Option to opt out of data analysis emphasized – not clear how this
would be done.

Training seen as tick box rather than education.

£100 000 fine for Aberdeen city council for a home worker accidentally uploading files regarding vulnerable children to an online file store.  A fine has never been issued for formal sharing of information.  “Blagging” is also an issue, where a 3rd party obtains information by ostensibly acting as a healthcare professional or family member.
Guidance from 2003 still applies – obtain confirmation of identity (or
phone number etc) from second source.  If breach occurs, individual
should be informed.

See also Data Protection for Caldicott principles etc.

Child Protection

Scottish Government’s Sharing Information about Children at Risk: A Guide to Good Practice (2003) states:-

“If there is reasonable concern that a child may be at risk of harm this will always override a professional or agency requirement to keep information confidential. All professionals and service providers have a responsibility to act to make sure that a child whose safety or welfare may be at risk is protected from harm.”

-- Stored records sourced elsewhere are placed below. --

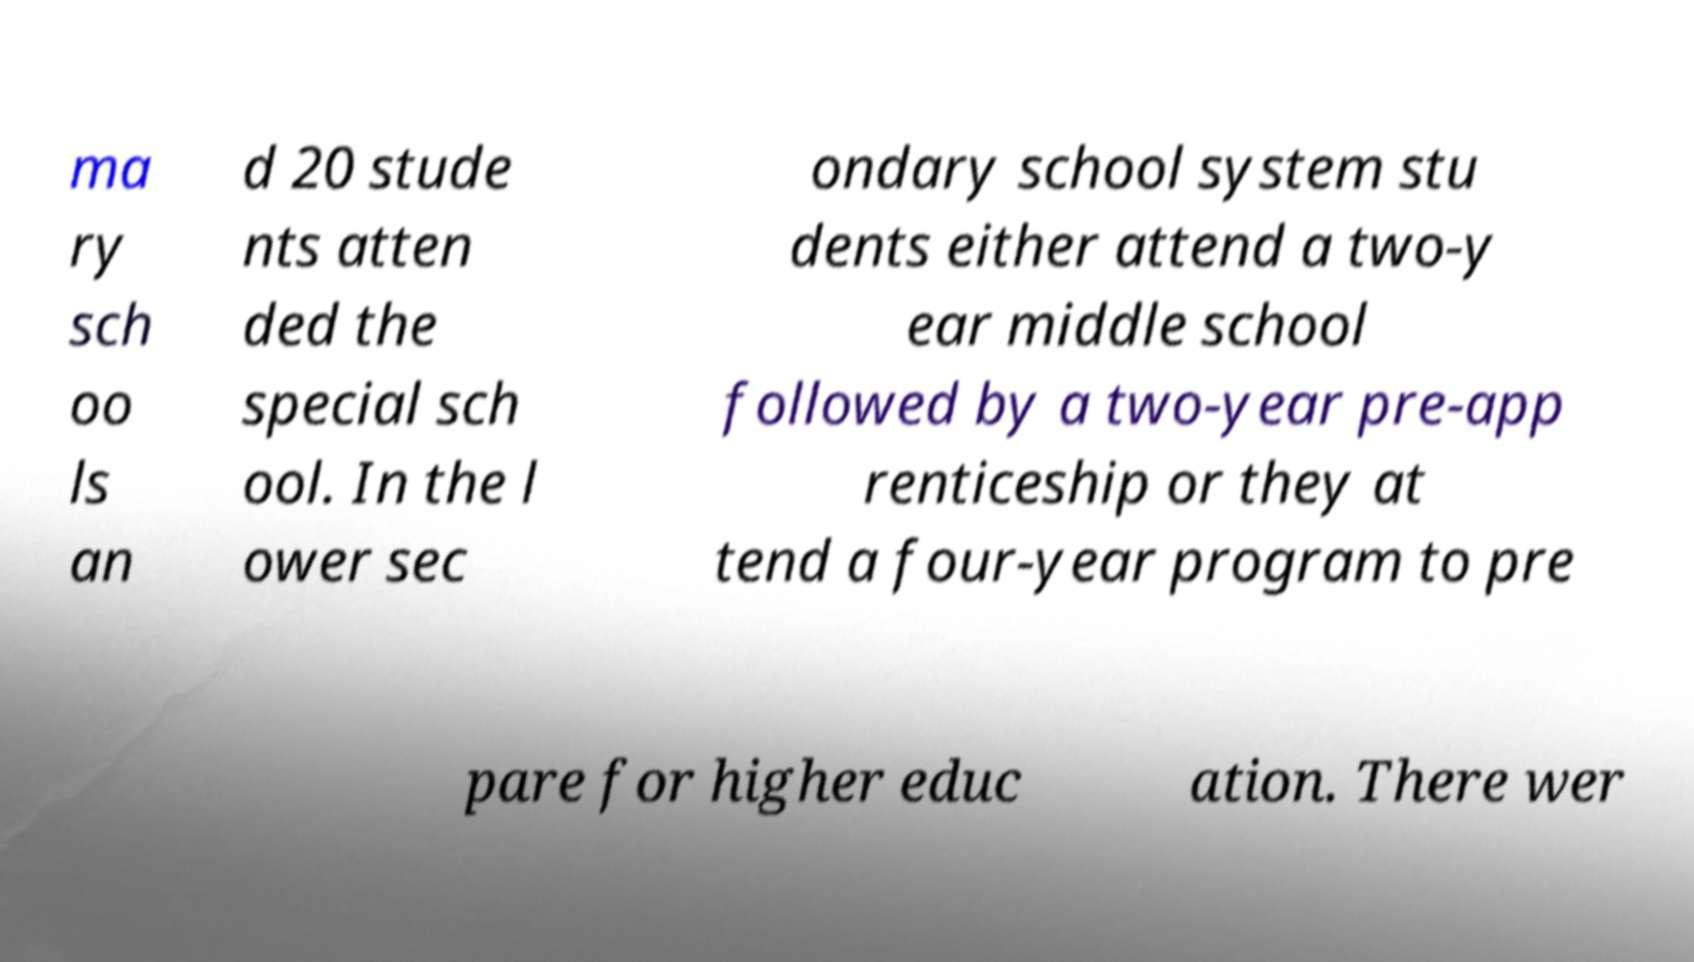Could you assist in decoding the text presented in this image and type it out clearly? ma ry sch oo ls an d 20 stude nts atten ded the special sch ool. In the l ower sec ondary school system stu dents either attend a two-y ear middle school followed by a two-year pre-app renticeship or they at tend a four-year program to pre pare for higher educ ation. There wer 
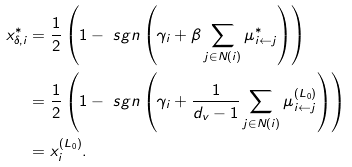<formula> <loc_0><loc_0><loc_500><loc_500>x _ { \delta , i } ^ { * } & = \frac { 1 } { 2 } \left ( 1 - \ s g n \left ( \gamma _ { i } + \beta \sum _ { j \in N ( i ) } \mu _ { i \leftarrow j } ^ { * } \right ) \right ) \\ & = \frac { 1 } { 2 } \left ( 1 - \ s g n \left ( \gamma _ { i } + \frac { 1 } { d _ { v } - 1 } \sum _ { j \in N ( i ) } \mu _ { i \leftarrow j } ^ { ( L _ { 0 } ) } \right ) \right ) \\ & = x _ { i } ^ { ( L _ { 0 } ) } .</formula> 
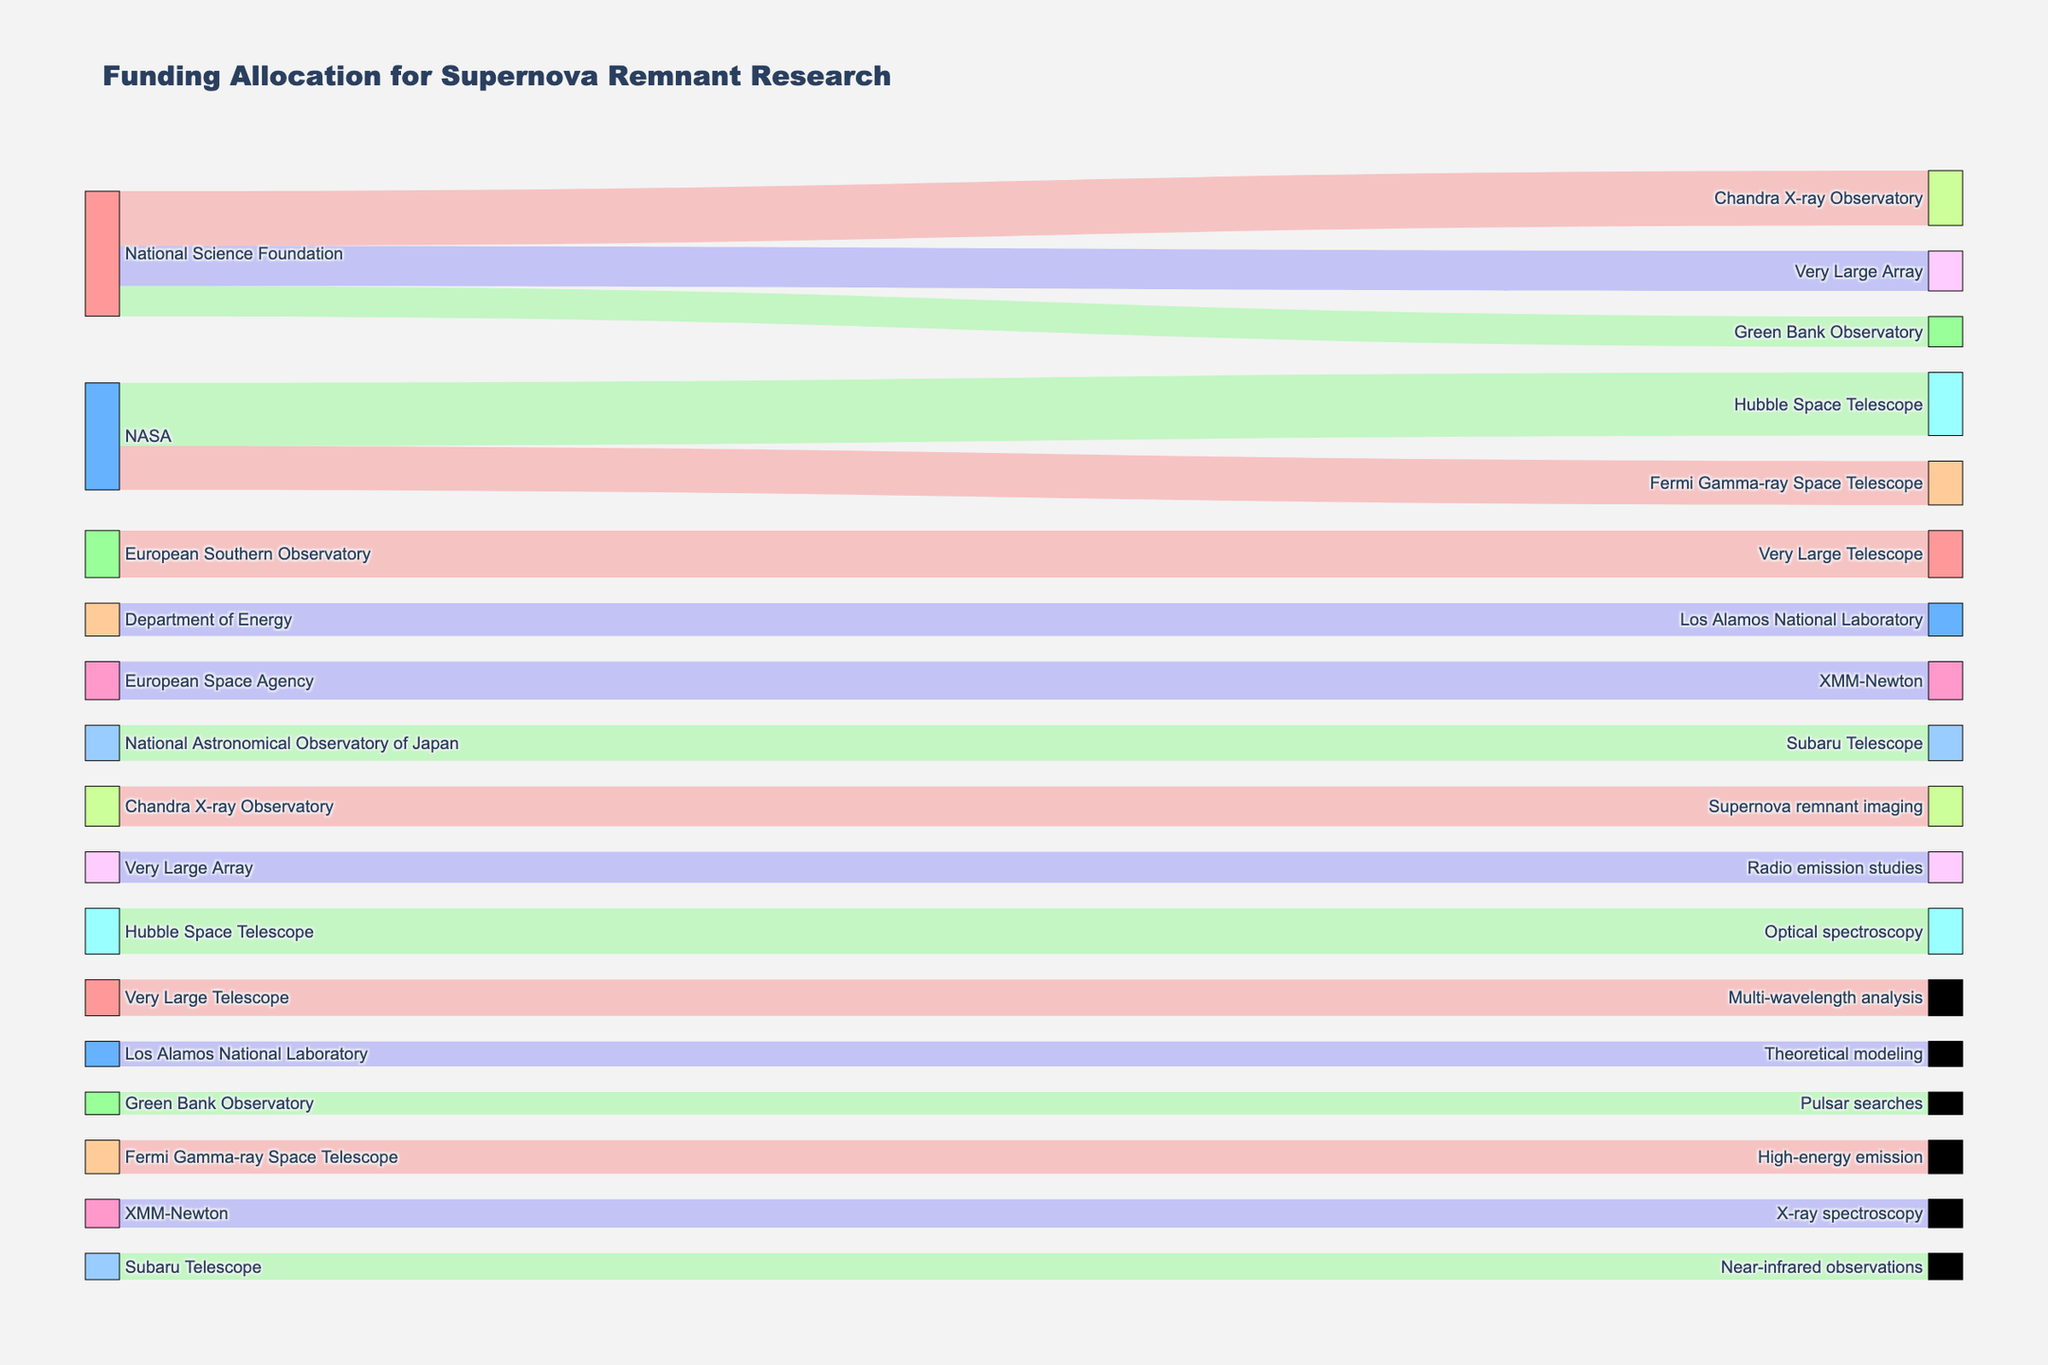What is the total funding allocated by the National Science Foundation? Identify all funding allocations from the National Science Foundation: Chandra X-ray Observatory ($8,500,000), Very Large Array ($6,200,000), Green Bank Observatory ($4,700,000). Sum these amounts: $8,500,000 + $6,200,000 + $4,700,000 = $19,400,000
Answer: $19,400,000 Which telescope received the highest funding from NASA? Examine the funding allocations from NASA: Hubble Space Telescope ($9,800,000) and Fermi Gamma-ray Space Telescope ($6,800,000). The Hubble Space Telescope received the highest funding.
Answer: Hubble Space Telescope What is the combined total funding for all projects under the Very Large Telescope? Identify funding directed to the Very Large Telescope: from European Southern Observatory ($7,300,000) and fund allocation for Multi-wavelength analysis ($5,600,000). Sum these amounts: $7,300,000 + $5,600,000 = $12,900,000
Answer: $12,900,000 Which observatory has the lowest funding allocated to its projects? List each observatory's total funding. The Department of Energy's Los Alamos National Laboratory ($5,100,000) has the lowest funding compared to others listed in the data.
Answer: Los Alamos National Laboratory What is the total funding allocated for X-ray spectroscopy? Locate and sum the funding for X-ray spectroscopy under its related observatory, XMM-Newton ($4,400,000). No additional related funding is listed.
Answer: $4,400,000 How does funding for Radio emission studies compare to Near-infrared observations? Compare the funding amounts: Radio emission studies ($4,800,000) and Near-infrared observations ($4,100,000). Radio emission studies have higher funding.
Answer: Radio emission studies have higher funding Which source contributes more funding to Green Bank Observatory, NASA or National Science Foundation? National Science Foundation allocates $4,700,000 to Green Bank Observatory, whereas NASA does not allocate any funding directly to Green Bank Observatory. Therefore, National Science Foundation contributes more.
Answer: National Science Foundation What percentage of the Chandra X-ray Observatory's funding is used for Supernova remnant imaging? Identify the funding allocated to Chandra X-ray Observatory ($8,500,000) and the portion used for Supernova remnant imaging ($6,200,000). Calculate the percentage: ($6,200,000 / $8,500,000) * 100 ≈ 72.94%
Answer: ≈ 72.94% 
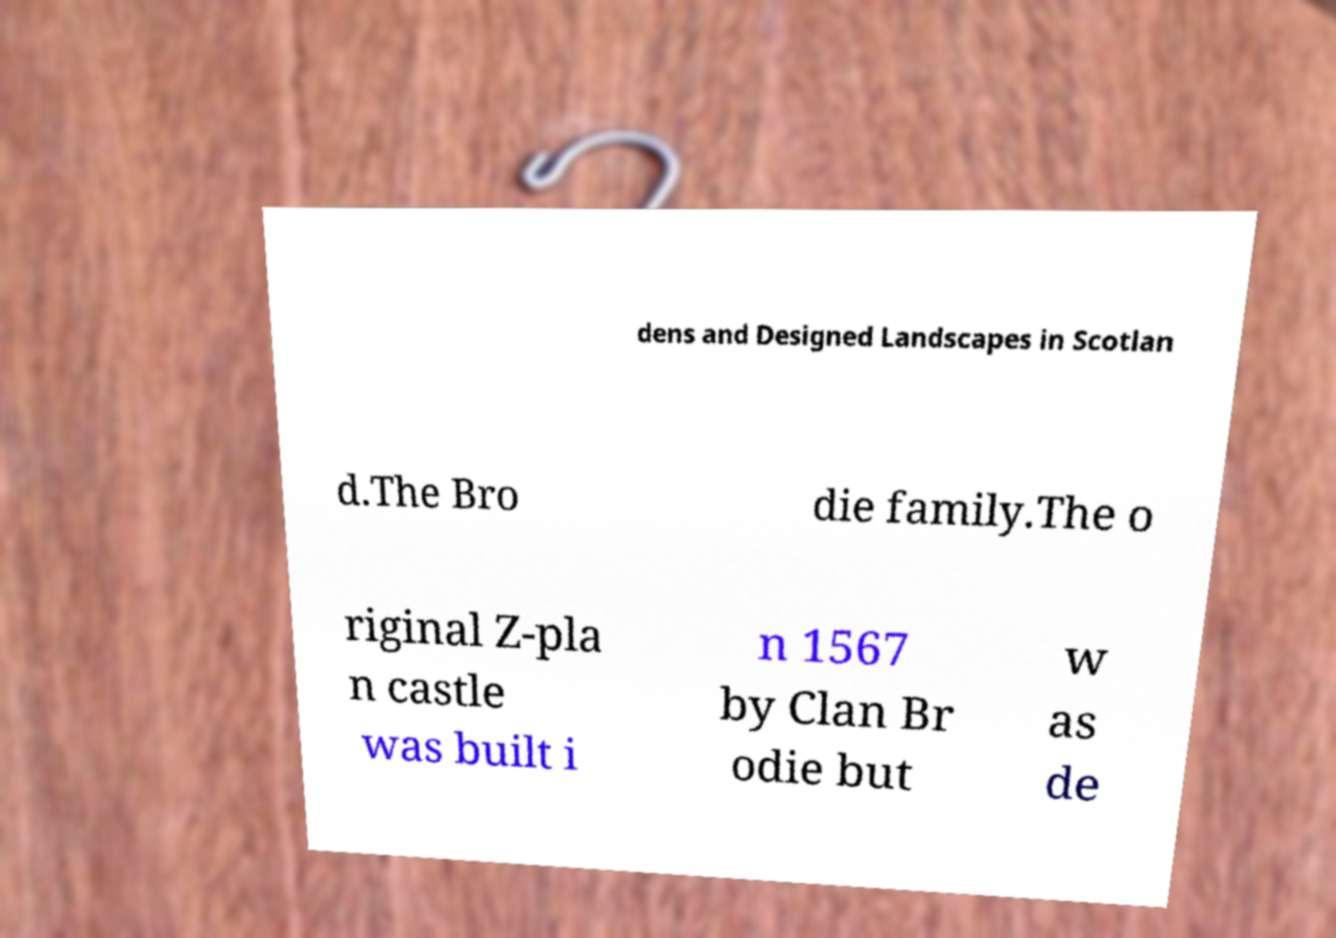Please read and relay the text visible in this image. What does it say? dens and Designed Landscapes in Scotlan d.The Bro die family.The o riginal Z-pla n castle was built i n 1567 by Clan Br odie but w as de 
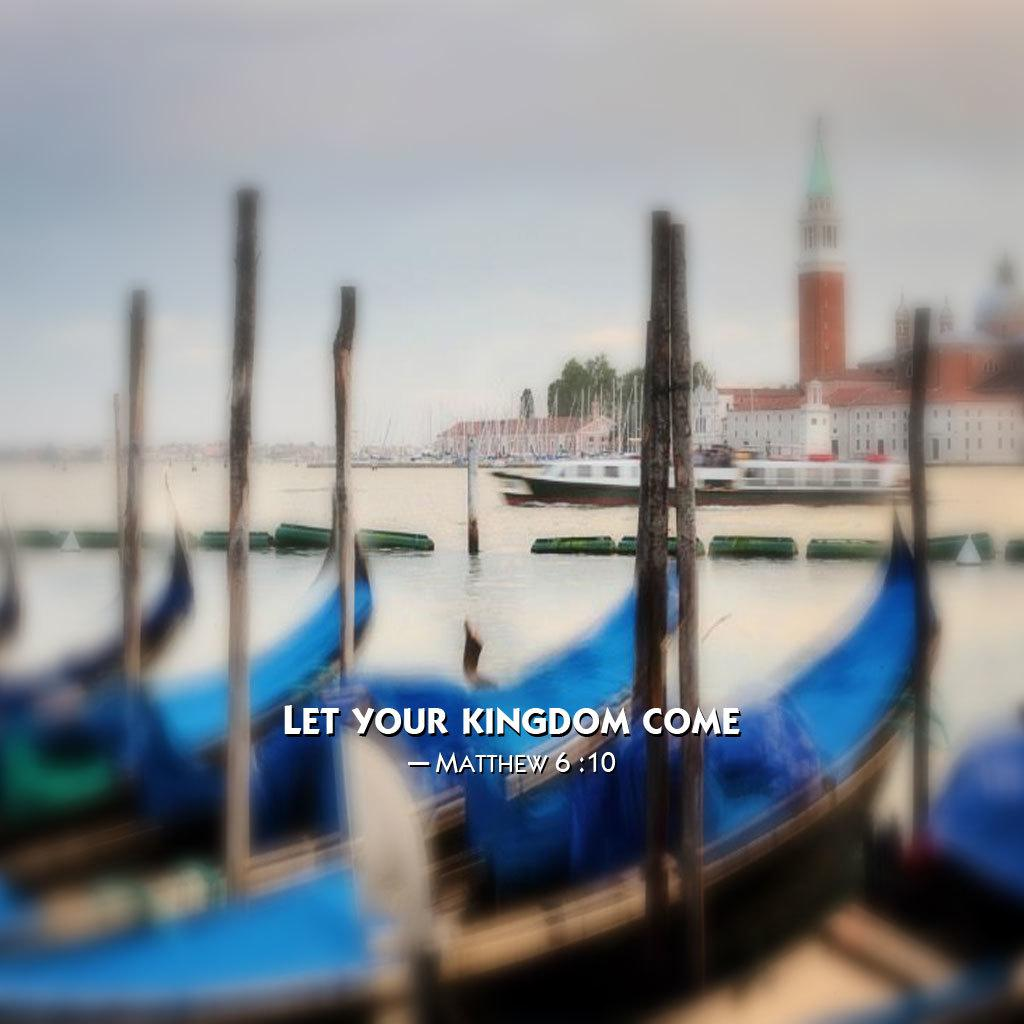What type of vehicles can be seen in the image? There are boats in the image. What is on the water in the image? There are objects on the water in the image, which are the boats. What can be seen in the background of the image? There are buildings, trees, and the sky visible in the background of the image. Is there any indication of the image's origin or ownership? Yes, there is a watermark on the image. How does the water wash the boats in the image? The water does not wash the boats in the image; it is a still image and does not depict any motion or action. 
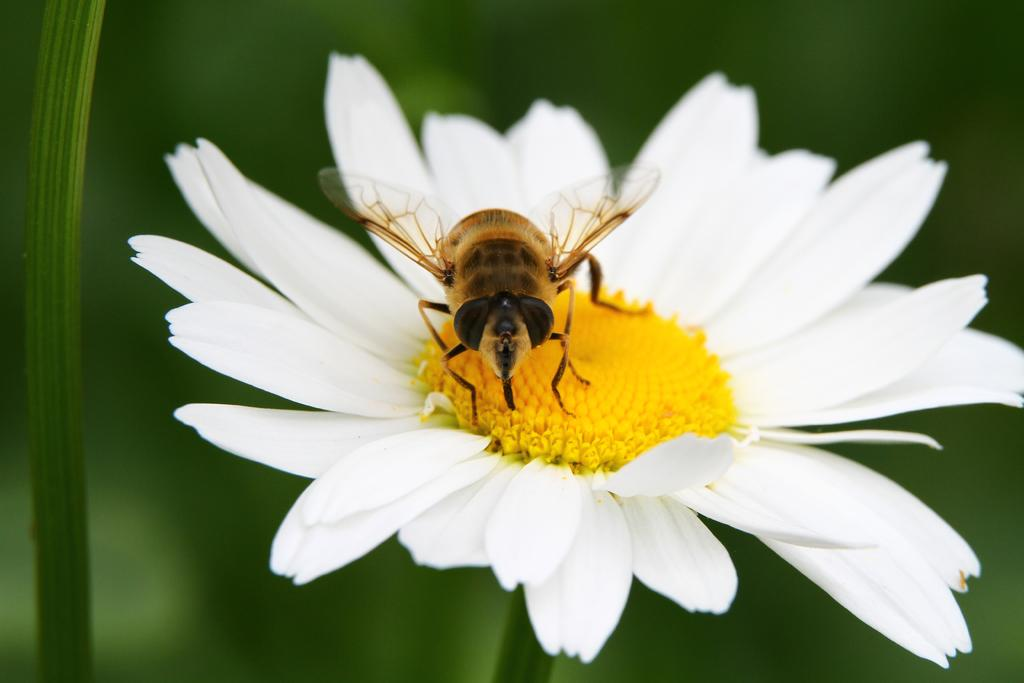What is the main subject in the foreground of the image? There is a honey bee in the foreground of the image. What is the honey bee doing in the image? The honey bee is on a white flower. What color is the background of the image? The background of the image is green. What time of day is it in the image, based on the presence of an arch? There is no arch present in the image, so it is not possible to determine the time of day based on that information. 
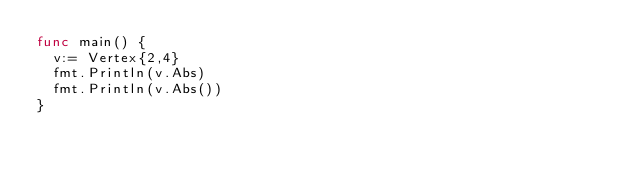Convert code to text. <code><loc_0><loc_0><loc_500><loc_500><_Go_>func main() {
	v:= Vertex{2,4}
	fmt.Println(v.Abs)
	fmt.Println(v.Abs())
}
</code> 
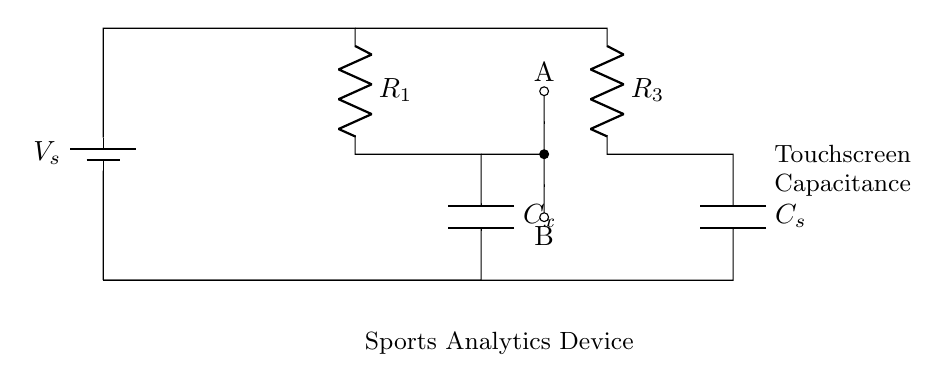What is the type of battery used in this circuit? The circuit shows a symbol for a battery, which is indicated as a voltage source and labeled with \( V_s \).
Answer: battery What does \( C_x \) represent in this circuit? \( C_x \) is labeled as a capacitor and is part of the measurement in the capacitance bridge, indicating an unknown capacitance being tested.
Answer: unknown capacitance Which component is labeled with \( R_3 \)? The symbol immediately connected to the upper branch of the circuit labeled with \( R_3 \) is a resistor, meaning it is performing resistance in that part of the circuit.
Answer: resistor What is the purpose of the connection points A and B? Connections A and B are used for measuring the voltage across \( C_x \) to determine the balance in the bridge circuit, indicating they are crucial for the operation of the capacitance bridge.
Answer: measuring points How many capacitors are present in this circuit? The diagram shows one capacitor labeled \( C_x \) and another labeled \( C_s \), indicating there are two capacitors in total.
Answer: two capacitors What does the label at the bottom of the circuit indicate? The label describes the components involved and their function; here, it indicates that the circuit is part of a sports analytics device.
Answer: sports analytics device What kind of circuit is represented here? The arrangement of the resistors and capacitors is characteristic of a bridge circuit used for measuring unknown capacitance by balancing the bridge.
Answer: capacitance bridge circuit

The National Guidance for Child Protection in Scotland (2014) states:

Harm‟ means the ill treatment or the impairment of the health or development of the child, including, for example, impairment suffered as a result of seeing or hearing the ill treatment of another. In this context, ‟development‟ can mean physical, intellectual, emotional, social or behavioural development and ‟health‟ can mean physical or mental health.”

Recent advice has also been received from the Scottish Government, having consulted with the Information Commissioner’s Office, regarding the impact of GDPR and the Data Protection Act 2018 in this area.  The Information Commissioner’s Officer has confirmed:

“It is important that those whose work brings them into contact with children and young people continue to share child protection concerns in the same way as they did previously. Child protection matters at the significant harm level equate to sharing/processing being necessary to protect the vital interests of the child where reliance on consent may be prejudicial to that purpose. The same lawful purposes are provided for in Articles 6:1(b) and 9:2(c) of the GDPR for personal and special category data so nothing has changed at that level”.

It is important to be open and transparent and make people aware that we will share information when we suspect a child or young person is at risk of harm. It is also important to record any decision to share or not to share information and reasons for doing so.

Relevant Acts/Policies

* Human Rights Act 1998

* Freedom of Information (Scotland) Act 2002

* NHSS Code of Practice on Protecting Patient Confidentiality.

* NHSS Information Governance standards 2005

Note that Scotland leads patient data protection with Fairwarning software.